Fluid Software Interfaces (InterTrade Ireland)
Collaborators: Verify Technologies, Limerick
This Fusion project aims to create an automated customer portal 'configuration engine' to replicate the process of selecting a customer’s products features.
Management Information Systems (InterTrade Ireland)
Collaborators: Reprographic Systems Ltd, Dublin
This Fusion project will design and develop a bespoke, innovative, and integrated Management Information Systems (MIS) to facilitate change and enhanced efficiency.
Invest NI Proof of Concept
Collaborators: BBC, Vicomtech
This Proof of Concept (PoC) project titled “Broadcast Language Identification & Subtitling System (BLISS) investigates language identification and captioning and subtitling within the entertainment industry.
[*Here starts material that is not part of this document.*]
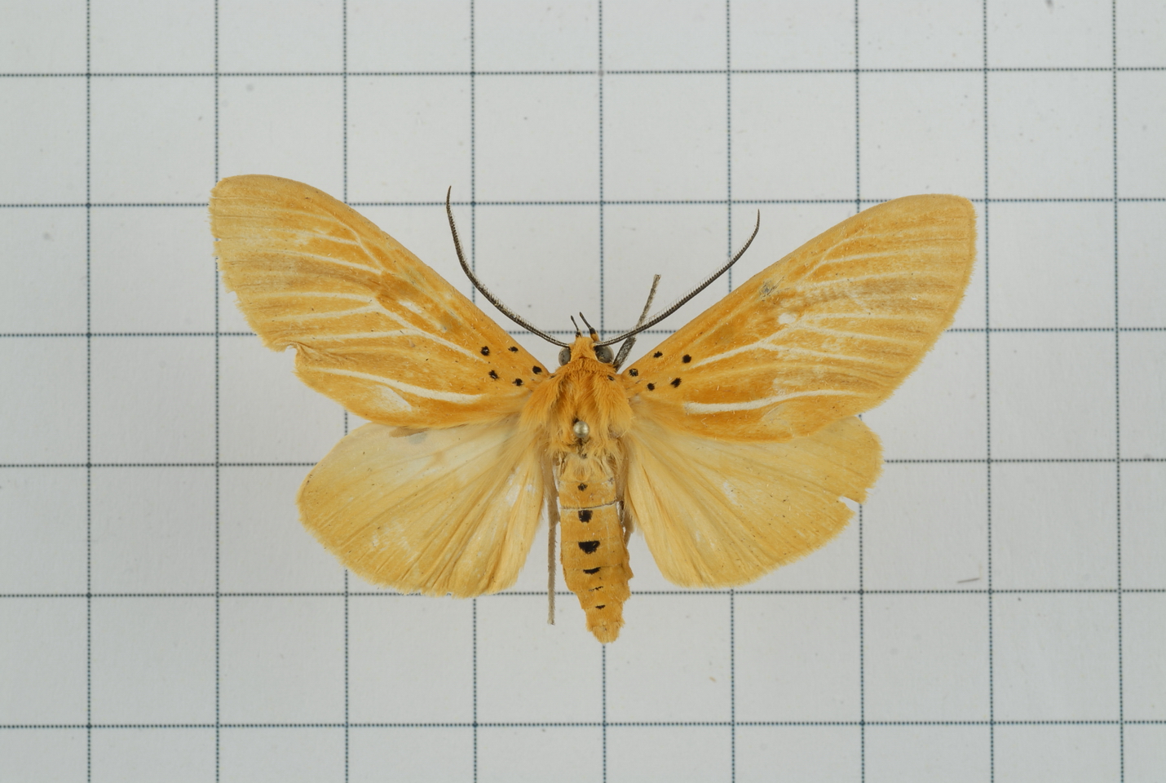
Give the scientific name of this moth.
Asota egens confinis

Predicting short-term wholesale prices on the Irish Single Electricity Market with Artificial Neural Networks (InterTrade Ireland)
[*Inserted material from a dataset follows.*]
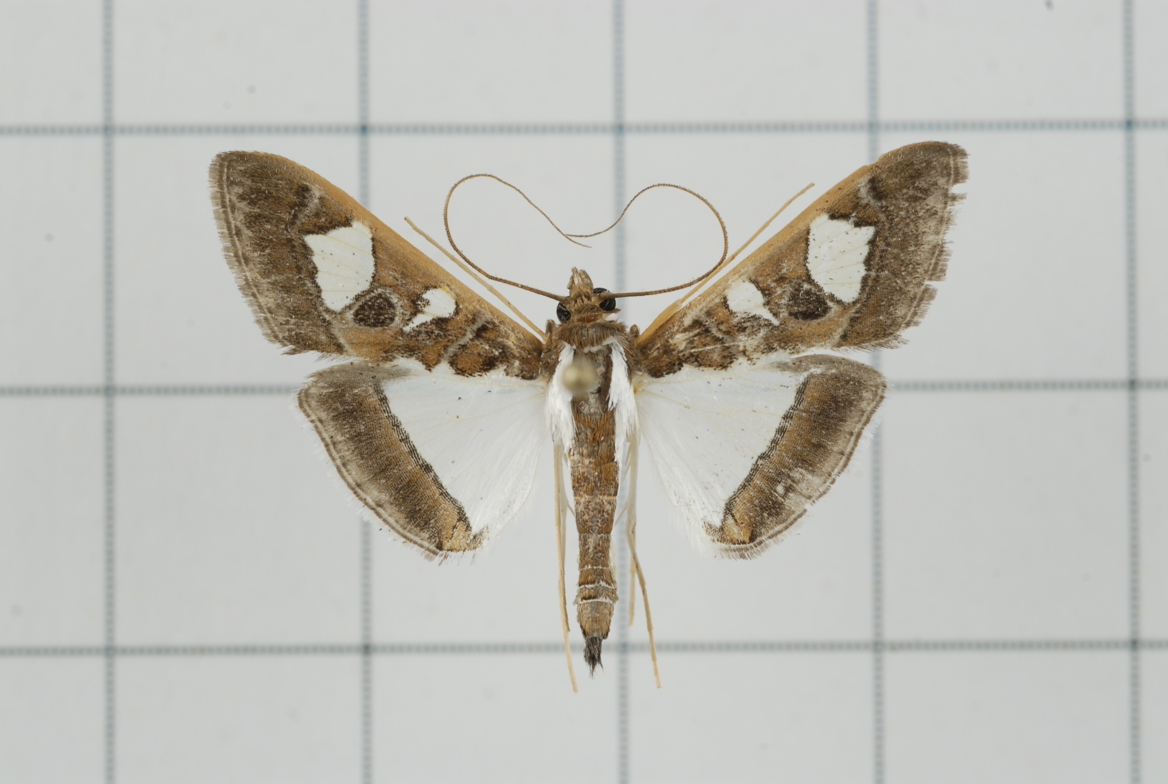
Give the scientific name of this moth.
Glyphodes bivitralis

Collaborators: Ark Energy Ltd, Longford
This Fusion project is to develop forecasting algorithms in order to predict short-term (72 hours ahead) wholesale prices on the Irish Single Electricity Market so that customers can make more informed trading decisions.
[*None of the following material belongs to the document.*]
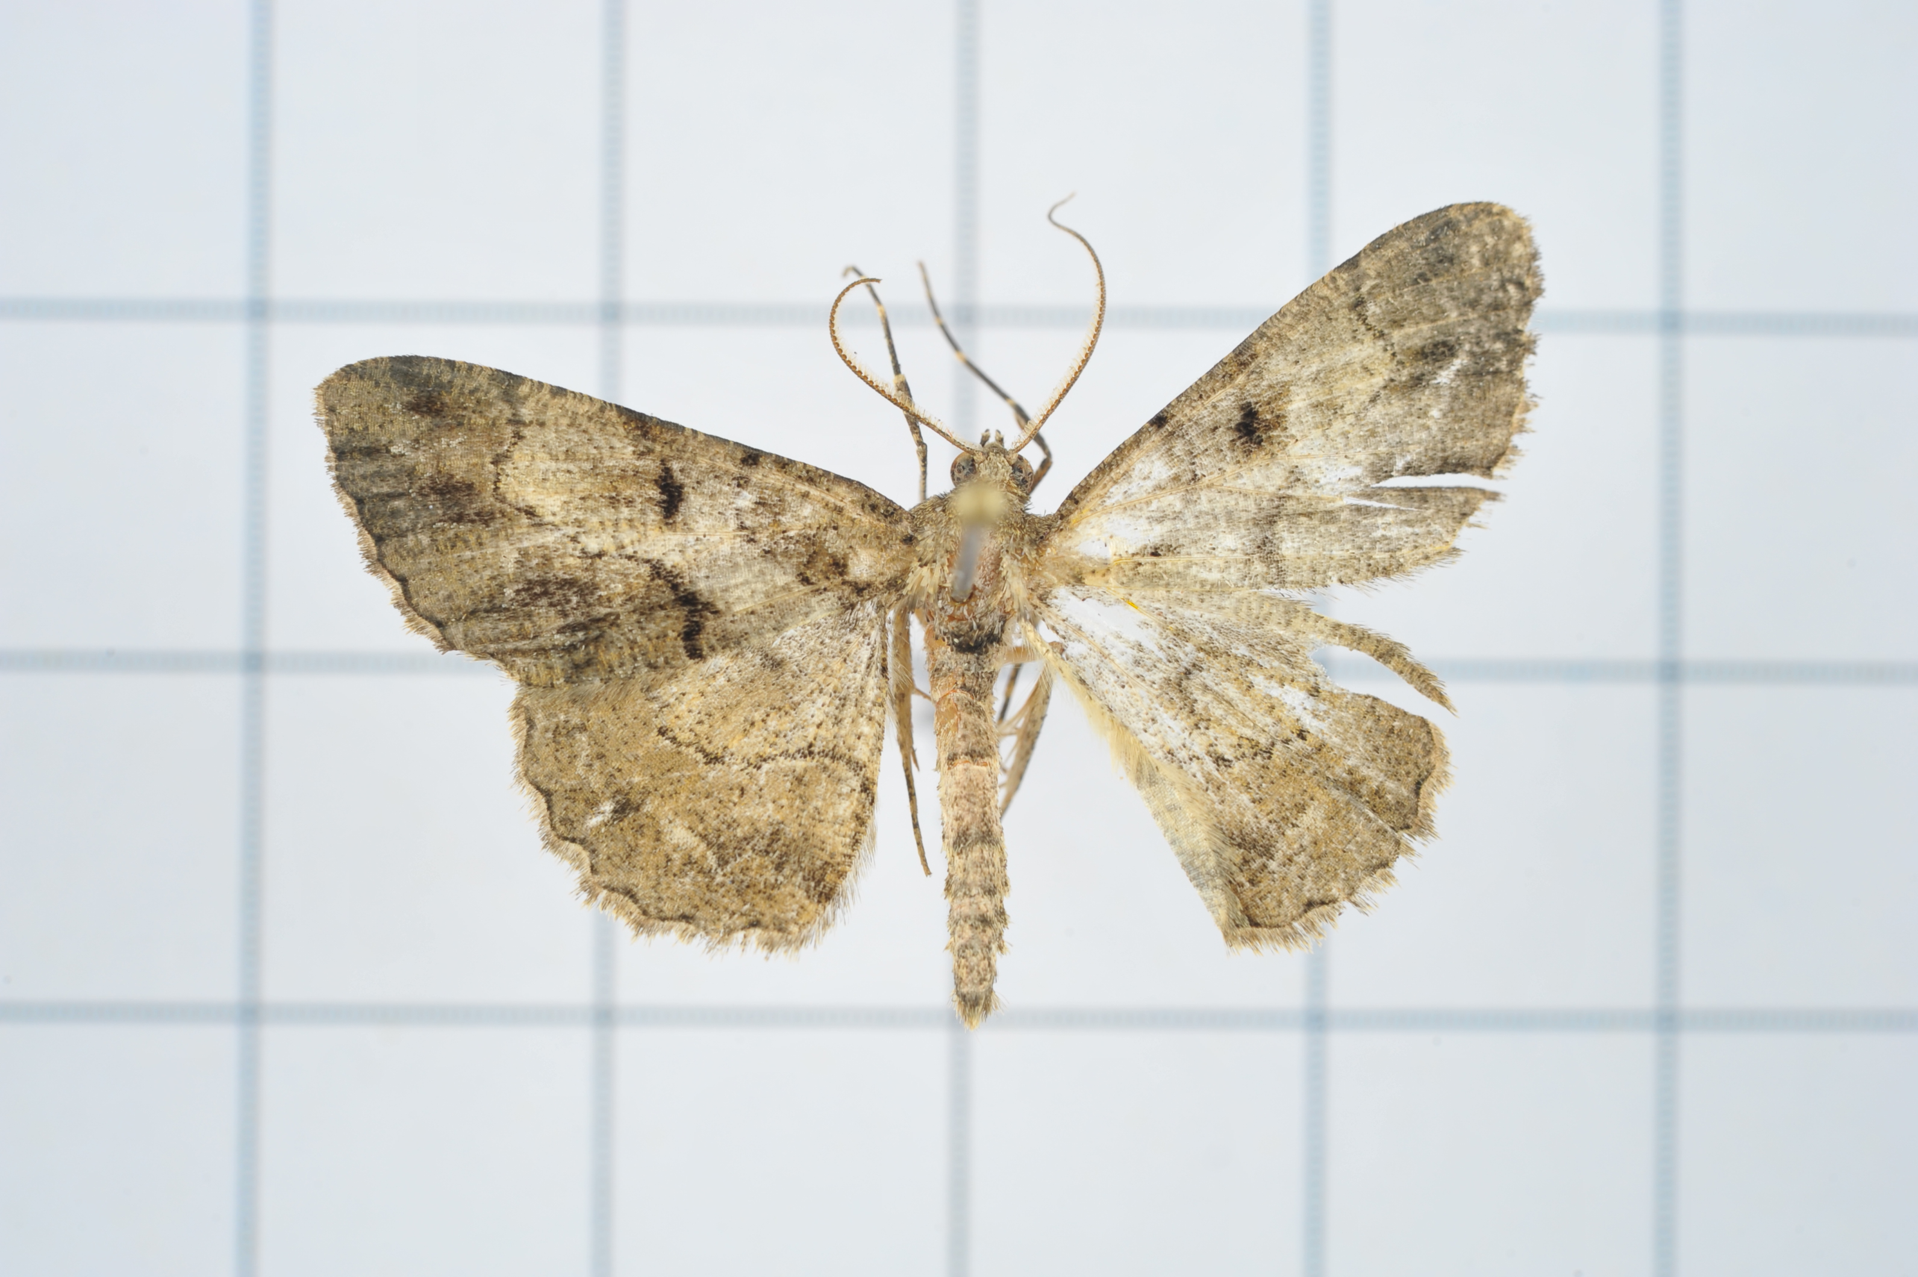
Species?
Psilalcis pulveraria

A BCI Operated Hand Exoskeleton based Neurorehabilitation System for Movement Restoration in Paralysis
This project is funded by UK India Education and Research Initiative (UKIERI) phase-II and the Department of Science and Technology (DST) Government of India under the DST-UKIERI Thematic Partnership program (DST-2013-14/126). This international collaborative project has three main components brain-computer interface (BCI), exoskeleton, and rehabilitation which are being undertaken under respective leaders Professor Girijesh Prasad of Neural Systems and Neuro-technology Research Team, Professor Ashish Dutta of Indian Institute of Technology Kanpur (IITK) India, and Professor Suzanne McDonough of Institute of Nursing and Health Research under the co-ordination of the PI Professor Prasad. Main project objectives are as follows:
- Develop a lightweight three-finger exoskeleton with embedded sensors, capable of replicating human motion for physical practice. It will be controlled by users’ EMG and EEG signals in assist-as-needed mode;
- Develop a novel brain-computer interface (BCI) that facilitates EMG and EEG for controlling the exoskeleton and provides visual neurofeedback to ensure focused physical and MI practices;
- Conduct pilot trials to evaluate the effectiveness of the exoskeleton along with BCI in movement restoration
It is known that much enhanced upper limb recovery can be gained if stroke sufferers with limb impairments, perform intensive active physical practice (PP) in conjunction with motor imagery (MI) practice (or mental practice) of activities of daily living.
Although a PP can be performed with the help of a therapist, it is expensive and limited and dependence on the therapist may lead to a passive practice. To this end, it is proposed to investigate development of a lightweight neuro-rehabilitation system for people with stroke that facilitates intensive active PP as well as MI practice with the help of a robotic exoskeleton and neuro-feedback from a novel non-invasive brain-computer interface (BCI). It will consist of a three-finger exoskeleton that can be worn by the subjects and will be controlled through the users’ Electromyography (EMG) and Electroencephalography (EEG) based BCI commands in assist-as-needed mode.
Additionally visual neuro-feedback from BCI will help ensure highly focused performance of PP as well as MI practice. The exoskeleton will be superior to existing ones as it will be able to replicate natural human finger motion with more degrees-of-freedom and be directly aimed at restoring critical hand functions, for grasping and manipulation of objects. The system will undergo pilot trial on a set of healthy individuals as well as people with impairments.